Ibu mengambilkan makanan ditaruh di atas piring, lalu memberikannya kepadaku. Sebelum aku makan, aku mengajak ibu mengobrol.

"Bu, minta tolong bilang ke Ayahlah, nanti kalau pulang suruh bawakan roti kesukaanku ya, hehehe," ucapku.

Ibu mengelus kepalaku.

"Jadi kurir roti itu lama-lama Ayahmu, Dek. Tiap minggu bawa pulang roti lapis kesukaanmu, hehehe," ucap ibu sambil tertawa terbahak-bahak.

"Ibu, mah gitu. Nanti Dedek bilangin ke Ayah," ucapku sembari tersenyum.

"Sudah, kamu makan dulu," ucap ibu.

Aku memutuskan untuk makan, suapan demi suapan masuk ke dalam mulutku. Aku merasa bahagia, karena selama ini ibu selalu memperhatikan aku.

Ibuku memang hanya ibu rumah tangga, yang selalu ada untuk anak semata wayangnya. Kata ibu, beliau tidak ingin melewatkan tumbuh kembangku hingga dewasa.

Itu salah satu alasan beliau, karena alasan sebenarnya beliau tidak diizinkan ayah untuk bekerja. Beliau rela resign dari pekerjaannya terlebih dahulu, hanya untuk berbakti ke ayah dan mendidikku. Walaupun selama ini mereka tak secara langsung mengungkapkan rasa sayangnya, tetapi dengan perlakuan mereka aku pun paham.

Betapa besar kasih sayang mereka terhadapku. Aku merasa menjadi anak yang beruntung, merasakan kasih sayang yang besar dari ayah dan ibu. Walaupun ayahku tak setiap hari selalu ada di dekatku, karena tugas beliau untuk menafkahi kami.

Bersambung....

Masa Kecilku part 2

Ayahku bekerja merantau di kota yang lumayan jauh dari kotaku tinggal. Jarak tempuh dari kotaku menuju tempat ayah berkerja adalah selama tiga jam. Beliau tiap minggu, selalu menyempatkan waktu untuk pulang mengunjungi aku dan ibu. Beliau bekerja di suatu perusahaan swasta.

****

Selepas aku makan, aku menemani ibu menonton televisi kesukaannya. Hingga aku baru ingat, kalau Dinar akan berkunjung ke rumahku.

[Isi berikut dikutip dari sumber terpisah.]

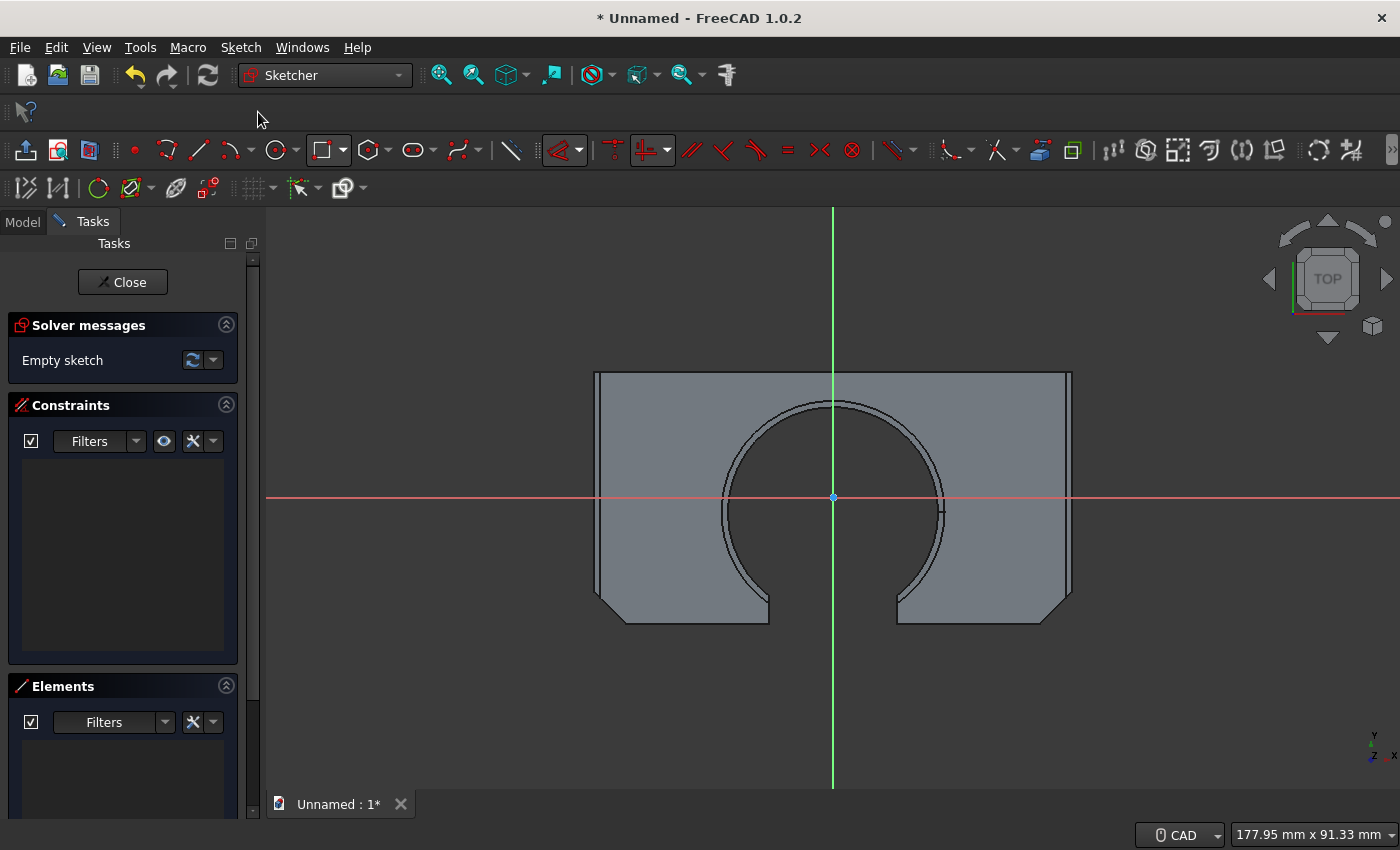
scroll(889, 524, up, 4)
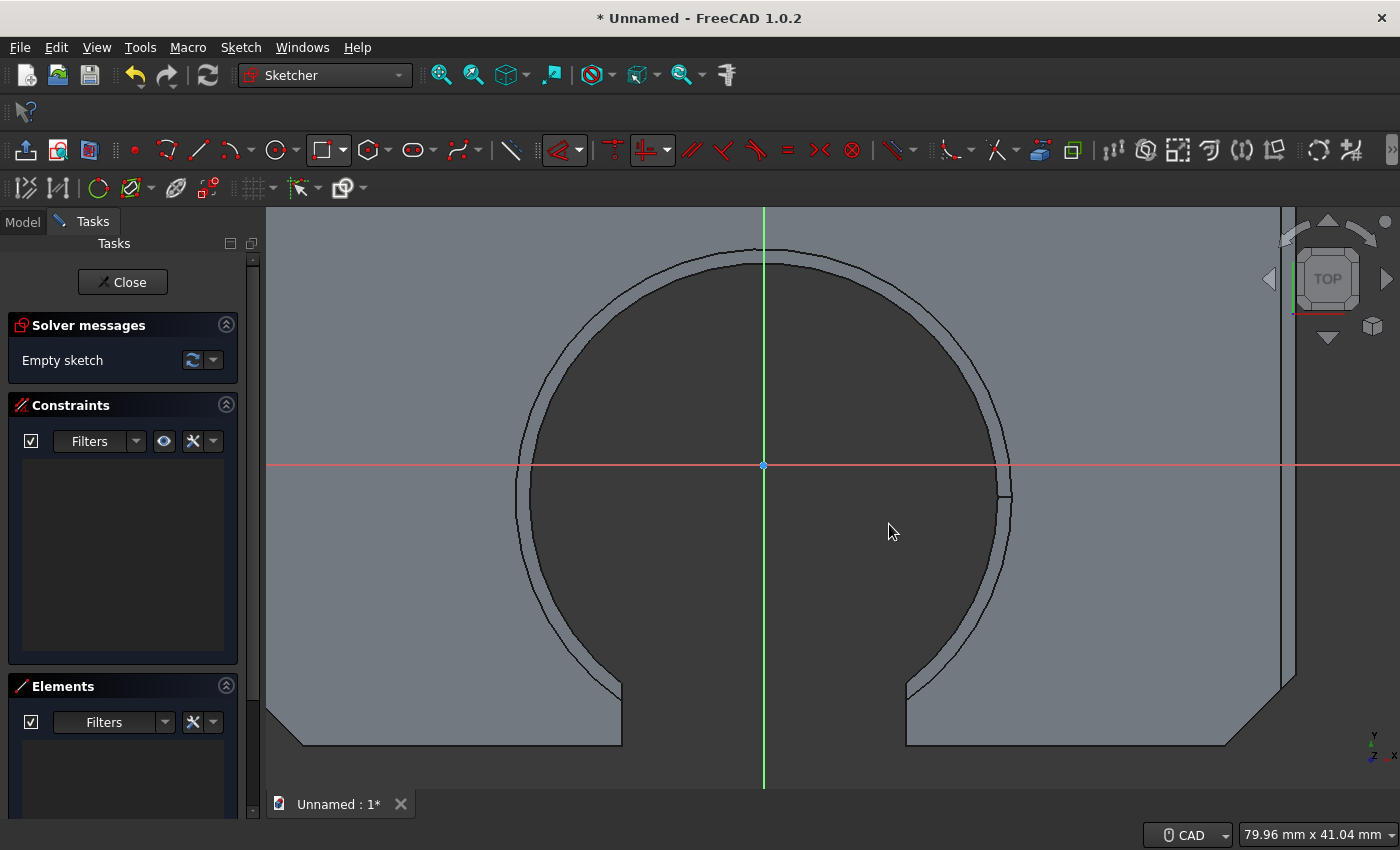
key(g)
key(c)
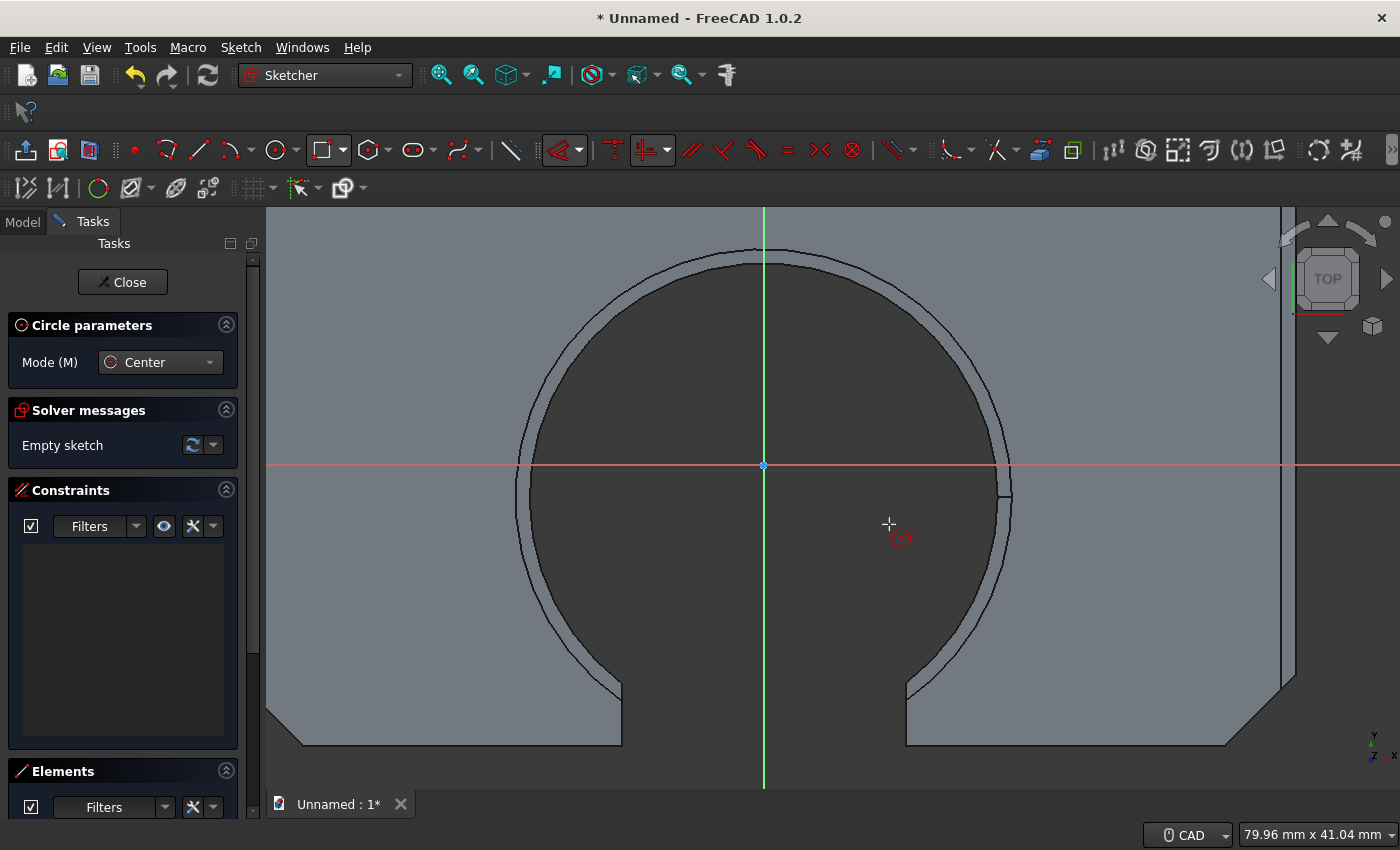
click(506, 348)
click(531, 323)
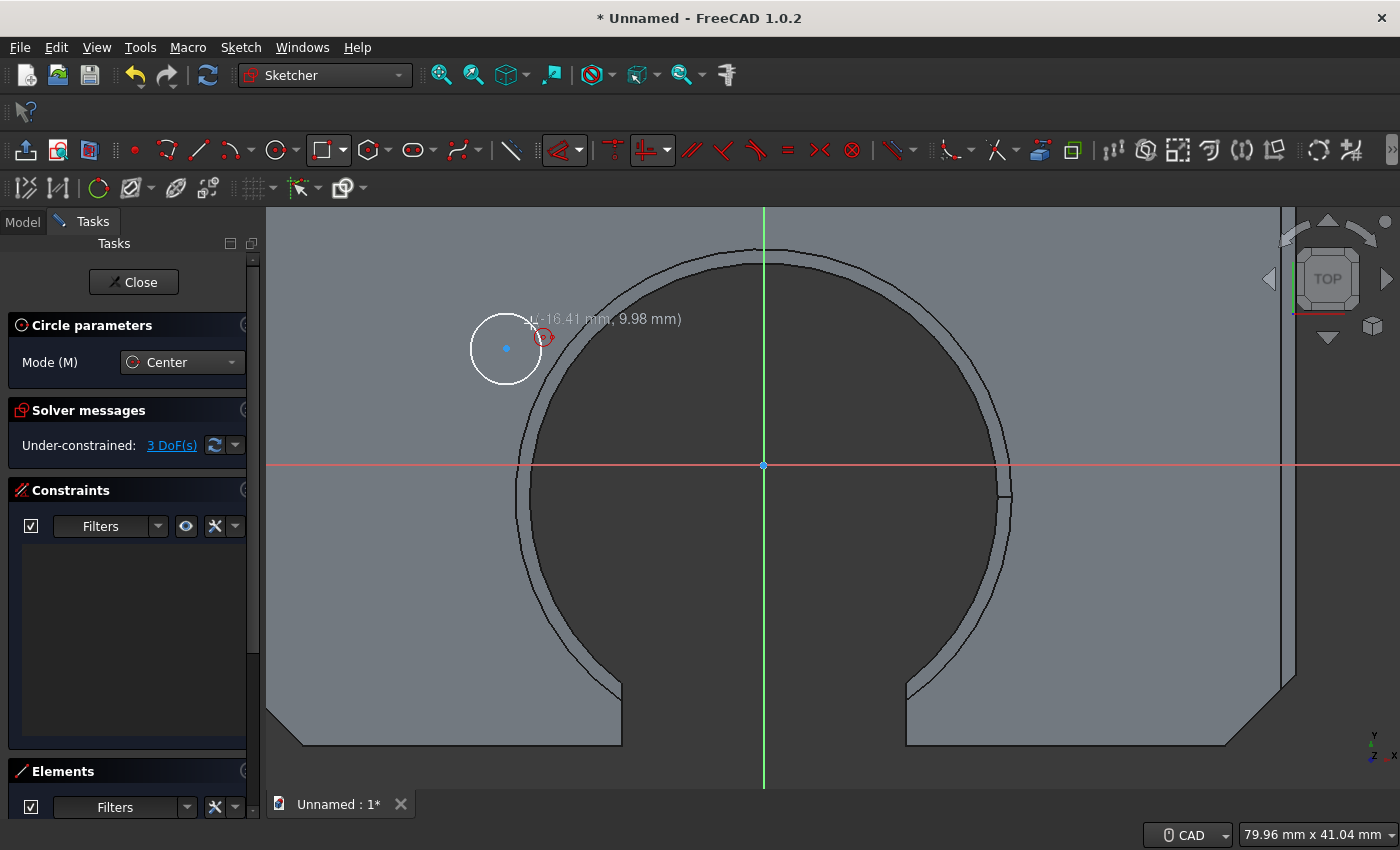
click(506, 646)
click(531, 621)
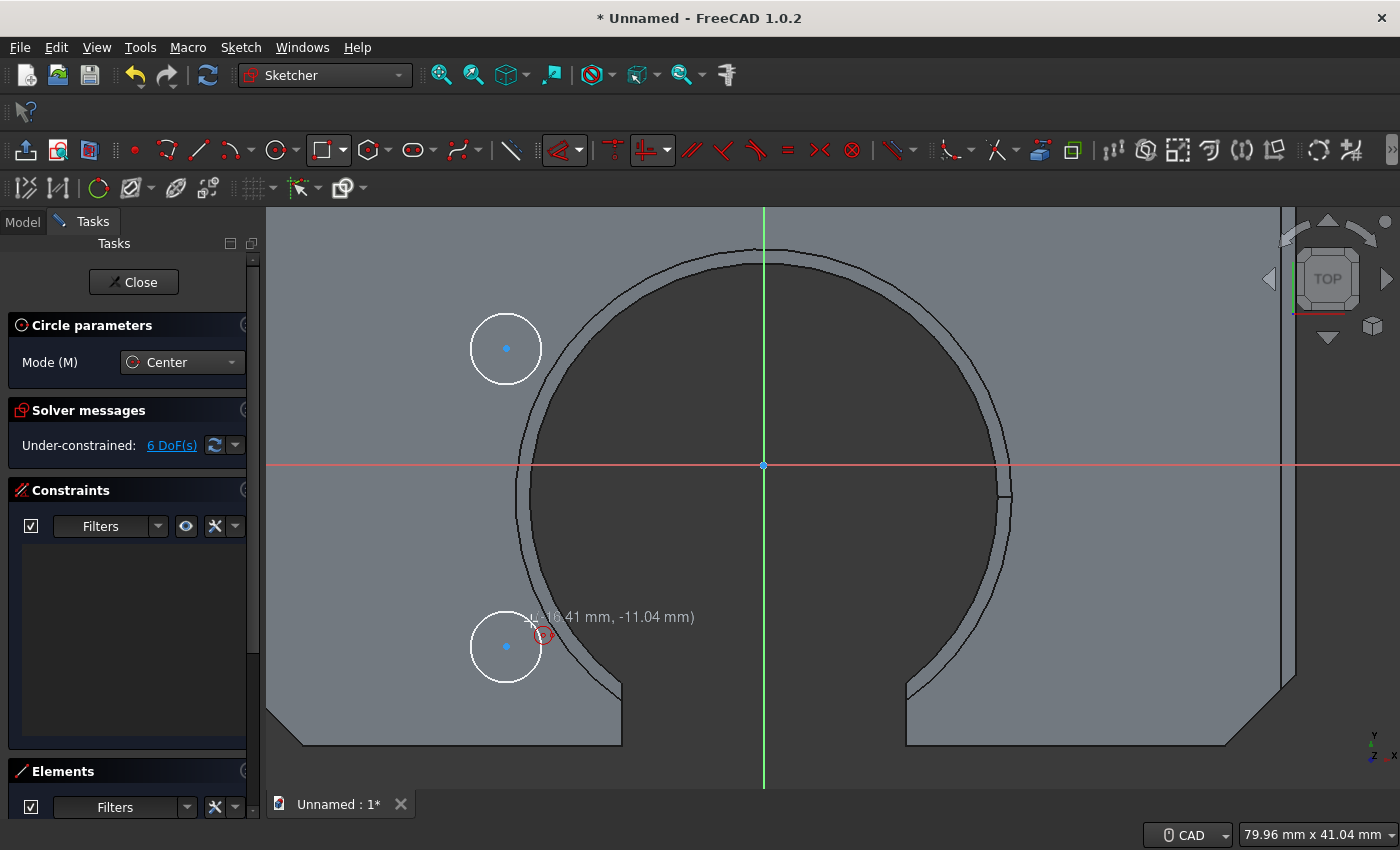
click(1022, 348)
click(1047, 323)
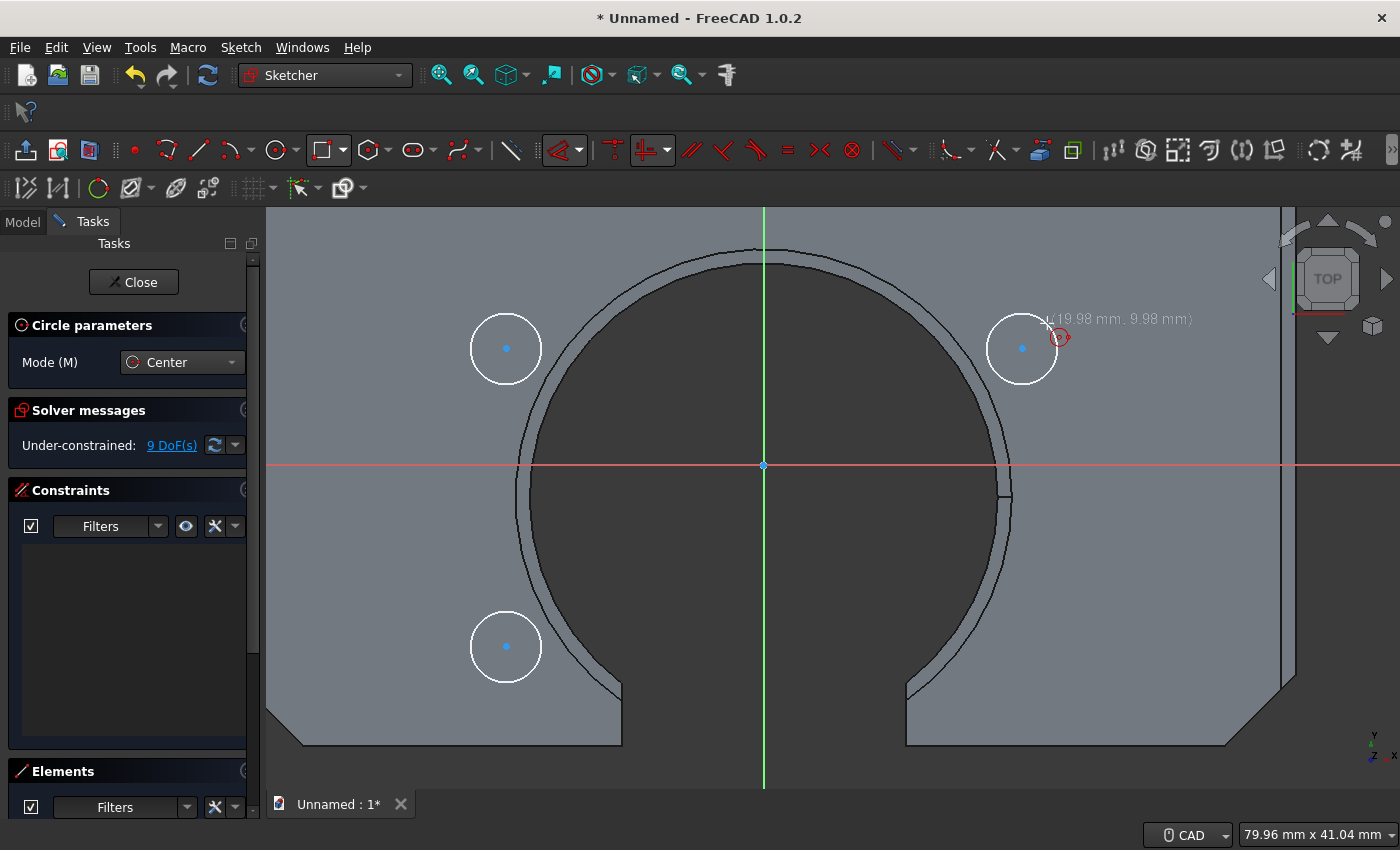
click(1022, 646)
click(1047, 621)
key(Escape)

“Oh iya, Bu. Nanti si Dinar mau ke sini, ngerjain tugas matematika dari Bu Indah sama Dedek," ucapku.

Ibu hanya mengangguk mendengar ucapanku.

“Bu, nanti akhir semester dua ini, sekolah mau mengadakan camping. Aku ikut, ya?” rengekku.

“Iya. Pokoknya hati-hati lho, ya,” nasihat ibu.

“Iya, Bu. Pasti," ucapku sambil memberi dua jempol ke Ibuku.

"Ada-ada saja kamu, Dek," ucap ibu sembari tersenyum.

Tok tok tok ....

Terdengar suara ketukan pintu.

“Assalamu’alaikum, Keyla, Keyla!" teriak Dinar dari luar rumahku.

“Wa’alaikumsalam, masuk saja Din,” jawab ibuku.

“Siang, Tante." Dinar bersalaman, mencium tangan ibu.

“Sudah makan, Din? Kalau belum, kamu makan dulu, ya." Ibu menawari Dinar.

“Dinar sudah makan di rumah, Tante. Terima kasih,” jawab Dinar.

Dinar duduk ikut denganku di karpet di depan televisi, sambil membuka buku tugasnya.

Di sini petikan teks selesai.